====== DATASET EXCERPTS

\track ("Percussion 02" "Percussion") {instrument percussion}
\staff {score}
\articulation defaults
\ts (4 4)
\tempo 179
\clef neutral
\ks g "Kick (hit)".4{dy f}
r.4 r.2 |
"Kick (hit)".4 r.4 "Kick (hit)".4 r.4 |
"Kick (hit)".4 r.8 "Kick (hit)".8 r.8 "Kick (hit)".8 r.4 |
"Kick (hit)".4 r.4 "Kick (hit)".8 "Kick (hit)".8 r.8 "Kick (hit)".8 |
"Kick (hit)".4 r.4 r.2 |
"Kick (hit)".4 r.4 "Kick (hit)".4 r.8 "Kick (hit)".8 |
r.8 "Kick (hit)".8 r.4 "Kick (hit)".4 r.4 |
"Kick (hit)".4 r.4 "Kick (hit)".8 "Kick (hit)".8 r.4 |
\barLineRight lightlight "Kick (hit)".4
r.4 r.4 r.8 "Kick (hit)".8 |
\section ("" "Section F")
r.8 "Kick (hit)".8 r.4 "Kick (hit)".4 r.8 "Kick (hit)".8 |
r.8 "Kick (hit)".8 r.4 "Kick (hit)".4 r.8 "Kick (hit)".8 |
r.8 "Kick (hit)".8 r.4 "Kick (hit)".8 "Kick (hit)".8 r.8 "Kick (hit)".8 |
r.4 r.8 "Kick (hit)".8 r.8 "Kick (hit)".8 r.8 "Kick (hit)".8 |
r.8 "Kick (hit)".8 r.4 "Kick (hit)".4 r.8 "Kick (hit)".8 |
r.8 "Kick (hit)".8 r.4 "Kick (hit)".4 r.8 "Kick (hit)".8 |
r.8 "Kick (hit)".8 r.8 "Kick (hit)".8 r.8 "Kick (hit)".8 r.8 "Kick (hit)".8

============
====== DATASET EXCERPTS

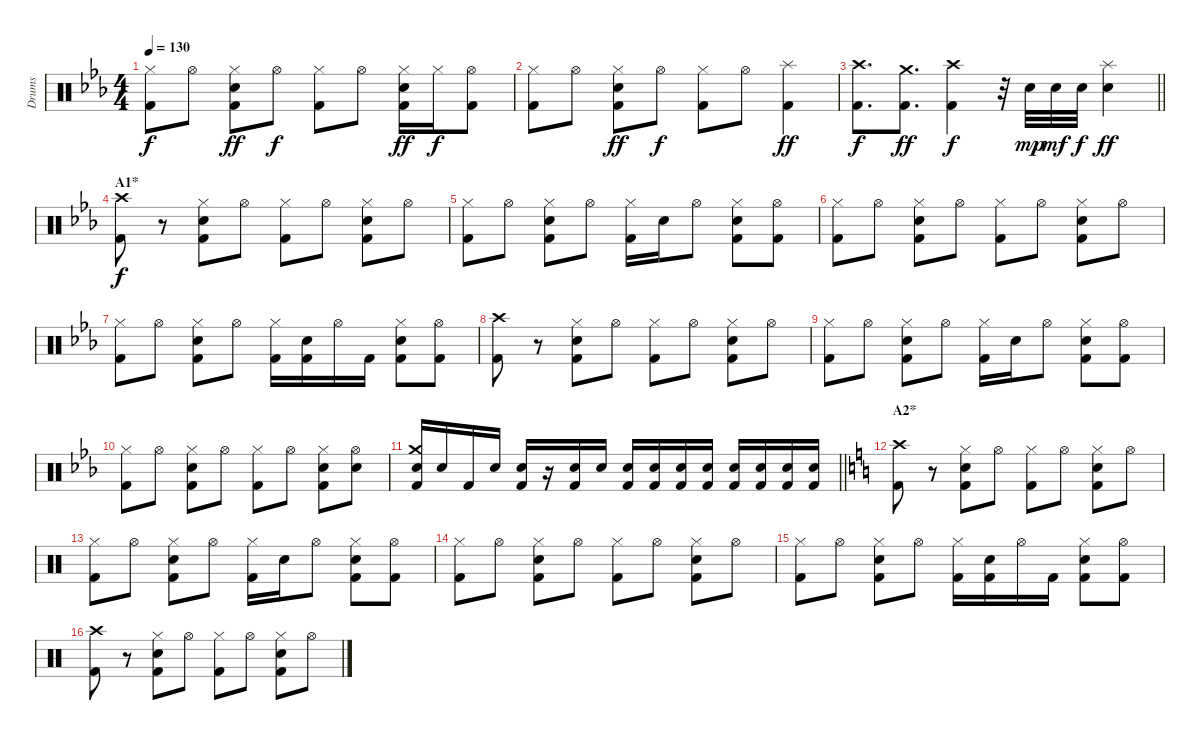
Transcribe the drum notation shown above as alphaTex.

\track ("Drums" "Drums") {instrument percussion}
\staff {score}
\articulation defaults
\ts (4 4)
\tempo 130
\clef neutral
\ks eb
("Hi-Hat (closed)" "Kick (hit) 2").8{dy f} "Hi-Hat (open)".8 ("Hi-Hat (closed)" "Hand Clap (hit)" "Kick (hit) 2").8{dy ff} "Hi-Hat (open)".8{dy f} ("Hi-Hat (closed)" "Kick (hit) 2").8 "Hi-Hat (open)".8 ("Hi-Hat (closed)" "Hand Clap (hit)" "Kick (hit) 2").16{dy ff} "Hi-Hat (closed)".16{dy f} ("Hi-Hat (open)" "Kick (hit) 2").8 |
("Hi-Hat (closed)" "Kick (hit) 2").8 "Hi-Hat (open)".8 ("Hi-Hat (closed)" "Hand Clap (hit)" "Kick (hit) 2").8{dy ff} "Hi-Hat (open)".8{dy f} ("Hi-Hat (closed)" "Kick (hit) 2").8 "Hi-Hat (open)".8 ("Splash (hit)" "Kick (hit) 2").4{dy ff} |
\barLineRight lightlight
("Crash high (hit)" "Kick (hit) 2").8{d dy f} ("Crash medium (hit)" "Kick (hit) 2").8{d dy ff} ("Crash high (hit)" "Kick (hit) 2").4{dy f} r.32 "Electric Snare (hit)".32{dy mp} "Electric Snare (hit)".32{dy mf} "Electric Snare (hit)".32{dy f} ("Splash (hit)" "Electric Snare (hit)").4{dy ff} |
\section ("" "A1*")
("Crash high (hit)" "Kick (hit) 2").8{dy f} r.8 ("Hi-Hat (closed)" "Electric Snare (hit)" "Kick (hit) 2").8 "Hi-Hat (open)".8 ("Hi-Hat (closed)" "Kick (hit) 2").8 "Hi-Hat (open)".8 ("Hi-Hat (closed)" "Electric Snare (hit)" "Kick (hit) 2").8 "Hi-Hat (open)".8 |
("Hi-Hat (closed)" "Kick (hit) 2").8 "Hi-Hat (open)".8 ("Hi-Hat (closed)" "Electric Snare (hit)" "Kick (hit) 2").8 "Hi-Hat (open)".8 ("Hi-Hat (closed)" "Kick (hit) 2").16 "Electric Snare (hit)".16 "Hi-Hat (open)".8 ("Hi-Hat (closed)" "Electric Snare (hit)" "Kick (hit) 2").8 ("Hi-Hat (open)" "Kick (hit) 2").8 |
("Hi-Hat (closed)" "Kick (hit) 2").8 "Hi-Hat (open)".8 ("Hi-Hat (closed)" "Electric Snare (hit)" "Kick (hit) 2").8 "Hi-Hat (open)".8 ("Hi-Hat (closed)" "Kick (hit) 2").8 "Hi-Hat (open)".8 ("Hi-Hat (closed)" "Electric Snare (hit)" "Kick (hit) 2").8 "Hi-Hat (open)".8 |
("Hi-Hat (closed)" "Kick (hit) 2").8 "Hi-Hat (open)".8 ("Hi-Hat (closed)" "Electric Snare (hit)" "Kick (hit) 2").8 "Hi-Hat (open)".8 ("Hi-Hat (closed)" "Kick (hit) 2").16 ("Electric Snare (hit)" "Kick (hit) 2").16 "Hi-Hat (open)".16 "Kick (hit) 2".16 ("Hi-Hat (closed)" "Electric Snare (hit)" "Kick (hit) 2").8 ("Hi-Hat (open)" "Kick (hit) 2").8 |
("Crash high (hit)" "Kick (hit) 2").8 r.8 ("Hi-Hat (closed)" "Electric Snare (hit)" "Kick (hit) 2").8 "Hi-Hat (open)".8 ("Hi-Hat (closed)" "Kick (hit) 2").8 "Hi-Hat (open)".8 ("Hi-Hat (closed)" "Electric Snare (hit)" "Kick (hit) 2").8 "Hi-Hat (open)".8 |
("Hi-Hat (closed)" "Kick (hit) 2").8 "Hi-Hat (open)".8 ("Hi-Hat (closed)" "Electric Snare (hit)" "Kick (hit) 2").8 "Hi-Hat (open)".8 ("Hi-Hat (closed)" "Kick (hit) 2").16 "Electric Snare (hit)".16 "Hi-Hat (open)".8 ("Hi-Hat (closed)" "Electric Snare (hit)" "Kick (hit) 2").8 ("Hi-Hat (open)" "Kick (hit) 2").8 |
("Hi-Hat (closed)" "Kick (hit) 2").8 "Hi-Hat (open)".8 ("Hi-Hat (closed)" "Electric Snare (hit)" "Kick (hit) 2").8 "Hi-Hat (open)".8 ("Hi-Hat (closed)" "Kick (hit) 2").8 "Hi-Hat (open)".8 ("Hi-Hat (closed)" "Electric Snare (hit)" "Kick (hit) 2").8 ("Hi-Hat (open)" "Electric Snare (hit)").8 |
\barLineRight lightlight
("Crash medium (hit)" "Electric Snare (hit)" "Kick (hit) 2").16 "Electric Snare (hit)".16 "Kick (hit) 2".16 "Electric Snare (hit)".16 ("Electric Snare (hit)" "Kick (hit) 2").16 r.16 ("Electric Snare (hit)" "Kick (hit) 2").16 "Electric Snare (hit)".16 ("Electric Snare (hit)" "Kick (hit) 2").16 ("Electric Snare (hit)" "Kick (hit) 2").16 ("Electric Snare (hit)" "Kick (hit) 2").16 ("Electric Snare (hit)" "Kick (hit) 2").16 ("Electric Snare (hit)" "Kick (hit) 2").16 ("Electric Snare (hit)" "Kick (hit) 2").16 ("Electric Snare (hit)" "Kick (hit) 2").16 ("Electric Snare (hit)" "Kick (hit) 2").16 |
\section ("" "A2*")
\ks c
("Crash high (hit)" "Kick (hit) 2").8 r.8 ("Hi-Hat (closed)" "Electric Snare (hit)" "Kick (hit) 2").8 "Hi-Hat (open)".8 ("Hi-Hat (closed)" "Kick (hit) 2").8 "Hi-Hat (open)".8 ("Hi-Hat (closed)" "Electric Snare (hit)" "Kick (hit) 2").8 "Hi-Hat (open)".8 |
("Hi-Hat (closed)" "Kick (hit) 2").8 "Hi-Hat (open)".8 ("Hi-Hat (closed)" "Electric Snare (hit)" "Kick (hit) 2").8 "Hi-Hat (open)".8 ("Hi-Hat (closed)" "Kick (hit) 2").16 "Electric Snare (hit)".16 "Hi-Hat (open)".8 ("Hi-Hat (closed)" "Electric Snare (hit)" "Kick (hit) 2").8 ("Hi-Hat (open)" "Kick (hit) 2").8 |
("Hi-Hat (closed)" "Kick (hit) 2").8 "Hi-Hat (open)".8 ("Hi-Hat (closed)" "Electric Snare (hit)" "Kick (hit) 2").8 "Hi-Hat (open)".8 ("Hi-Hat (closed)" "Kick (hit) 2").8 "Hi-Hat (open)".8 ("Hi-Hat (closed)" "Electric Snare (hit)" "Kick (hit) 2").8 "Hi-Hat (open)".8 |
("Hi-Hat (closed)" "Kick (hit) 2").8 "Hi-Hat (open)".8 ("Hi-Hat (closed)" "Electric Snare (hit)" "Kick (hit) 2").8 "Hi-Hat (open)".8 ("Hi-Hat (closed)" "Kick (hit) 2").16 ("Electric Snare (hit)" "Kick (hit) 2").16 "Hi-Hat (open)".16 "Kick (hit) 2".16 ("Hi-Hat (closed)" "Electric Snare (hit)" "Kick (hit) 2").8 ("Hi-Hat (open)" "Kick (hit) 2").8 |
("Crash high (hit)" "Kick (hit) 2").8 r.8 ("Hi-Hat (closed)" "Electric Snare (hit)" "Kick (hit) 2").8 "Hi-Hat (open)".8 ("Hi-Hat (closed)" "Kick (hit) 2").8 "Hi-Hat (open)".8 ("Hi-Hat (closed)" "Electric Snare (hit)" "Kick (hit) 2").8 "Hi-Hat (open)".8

============

From the records above, pick out and copy each line holding the word "instrument".

\track ("Percussion 02" "Percussion") {instrument percussion}
\track ("Drums" "Drums") {instrument percussion}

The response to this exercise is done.